For Joppa-based clothing chain, the need to regain its reputation for fashion is vital Can Merry-Go-Round revive itself?

January 16, 1994|By Timothy J. Mullaney and Ross Hetrick | Timothy J. Mullaney and Ross Hetrick,Staff Writers Staff Writers Michael Dresser and Frank Lynch contributed to this article.

Merry-Go-Round Enterprises Inc. soared for years by catering to the whimsical fashions of the young. But it was the company's lost sense of those fleeting tastes that drove it into Chapter 11 bankruptcy last week.

Although the filing protects the company as it searches for that magic again, the question is: Can the Joppa-based retail chain score big in the spring season and remain intact? Or will creditors wrest control from Leonard "Boogie" Weinglass, the co-founder and chairman?

Mr. Weinglass is back in charge, having been named chief executive the day of the bankruptcy filing, resuming a job he left in 1981 to go into semiretirement in Aspen, Colo. The fate of the company, which owns Merry-Go-Round, Cignal, Free Fall, Dejaiz, Attivo and other "fashion forward" chains, turns, in part, on whether he can again fill the stores with clothes that capture the imagination of young people.

The job is much harder than it was. Heading a company in bankruptcy, Mr. Weinglass will be closely watched by the company's creditors, many of which are fashion business leaders like Guess? Inc., Melville Corp. and Saxony. He will be closely supervised by Judge E. Stephen Derby of U.S. Bankruptcy Court. And, mostly, he will need to regain the confidence of people in the fashion and investment communities, many of whom say they feel burned by what they see as the company's lack of candor as business got worse.

And Mr. Weinglass may not have much time.

"If Merry-Go-Round doesn't get it together pretty fast, the

creditors are going to hire the people Merry-Go-Round should have hired, and they'll be driving the bankruptcy train," said Peter A. Chapman, president of Bankruptcy Creditors' Service Inc. of Princeton, N.J., noting that even successful reorganizations often end with new managers in charge. "They've got one season."

As of now, Merry-Go-Round is given an excellent chance of emerging from bankruptcy reorganization as a healthy company. has $463 million in assets and only $265 million worth of liabilities. Indeed, the price of its bonds rose after the bankruptcy filing, demonstrating Wall Street's confidence that the bonds would be largely repaid.

Not unexpectedly, the company shares that bullish position.

"The company has confidence in its intrinsic strength and continuing viability of its business which has been built over the past 22 years," Merry-Go-Round said on the day of the filing in Baltimore.
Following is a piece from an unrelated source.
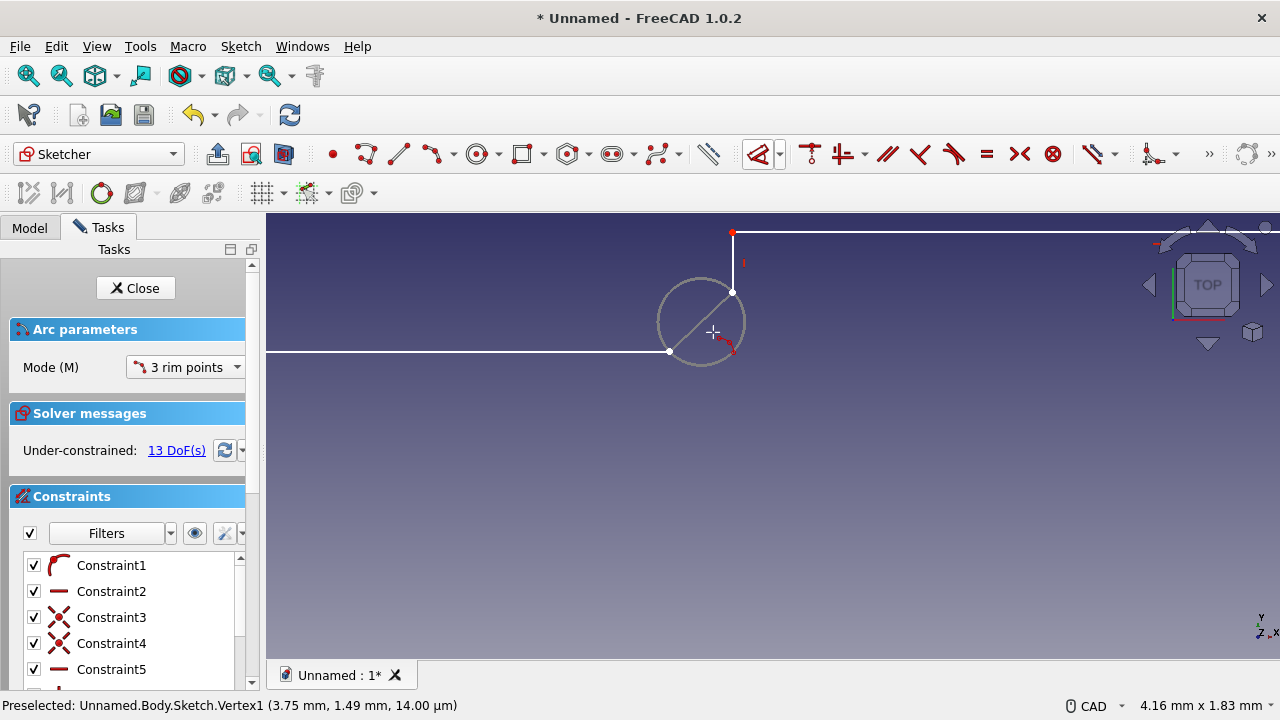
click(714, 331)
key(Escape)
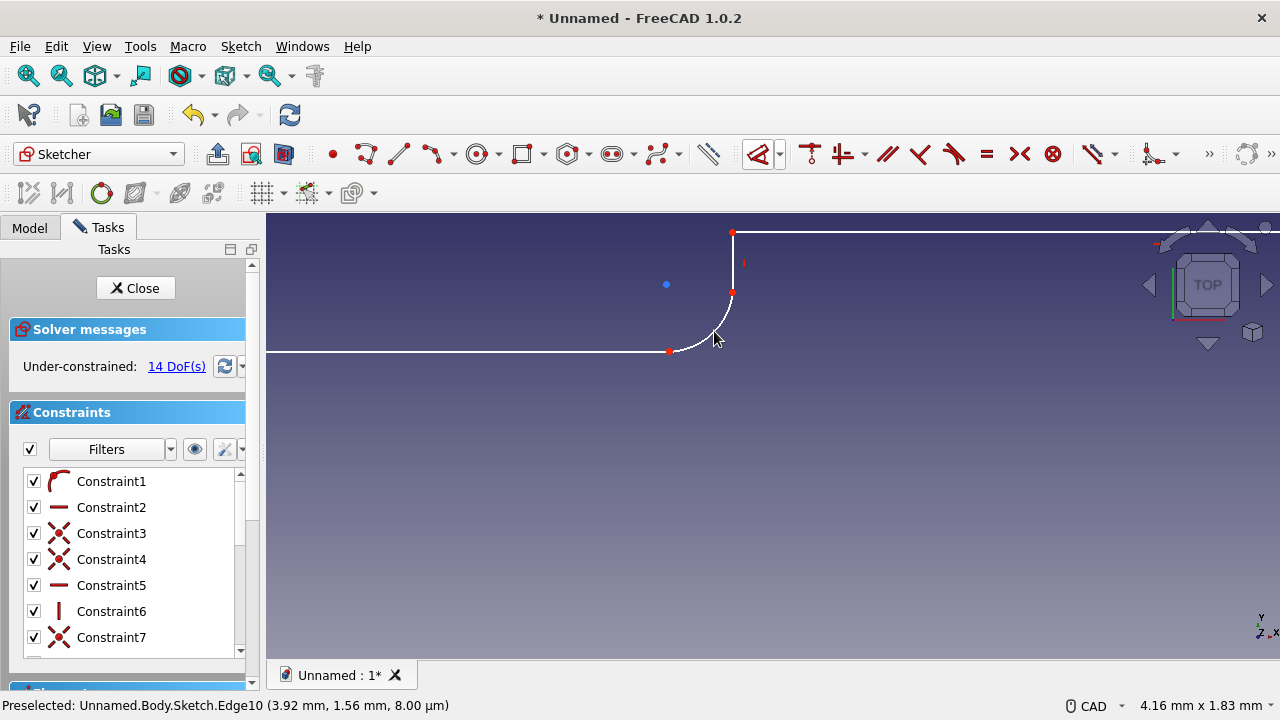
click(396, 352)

"Merry-Go-Round Enterprises is firmly committed to putting itself a sound financial footing so that it can move forward through these proceedings and emerge a much stronger and healthier company," the statement said.

But, like a slew of other retail companies that have entered bankruptcy, the Merry-Go-Round that emerges is likely to be quite different from the growing chain of a few years ago.

As many as 500 of the company's 1,460 stores may be closed, experts said, although the company says it has not made any such decision. If there are closings, many workers, including some of the 1,080 employees at the company's Joppa headquarters, are likely to be let go. And shareholders, including Mr. Weinglass, whose stake has fallen by nearly $79 million on paper since December 1992, could see their investments wiped out.

With its filing, Merry-Go-Round joins the ranks of some of the nation's mightiest retailers that have sought protection in the arms of the bankruptcy courts, including Federated Department Stores Inc., R.H. Macy & Co. Ames Department Stores Inc. and the Carter Hawley Hale Stores.

But Merry-Go-Round is in a different situation. The other companies had been healthy when they got into trouble as a result of one-shot financial maneuvers like leveraged buyouts and hostile takeovers.

"Those [other] companies went into bankruptcy because they owed too much money," said Peter Schaeffer, a partner in Johnson Redbook Service of New York, a research boutique that tracks retailing stocks. Merry-Go-Round "went into bankruptcy because they weren't doing any business."

In fact, sales at Merry-Go-Round stores that have been open more than a year -- a key measure of a retailer's success -- declined in all but five months of the past two years. After writing off millions of dollars worth of inventory, the company reported a loss of $38.5 million in the fiscal third quarter, which ended Oct. 30, on sales of $225.5 million. And that was before a disastrous 1993 Christmas season, when same-store sales fell 23 percent in November and 16 percent in December.

Merry-Go-Round has acknowledged that last fall, its young-men's line was too far out of the mainstream even for a customer base that had prided itself on being cutting-edge.

"We're not going to be as far out," Mr. Weinglass said in December on the day that the president of the company's men's division, Stuart Lucas, was fired, along with eight other merchandising executives.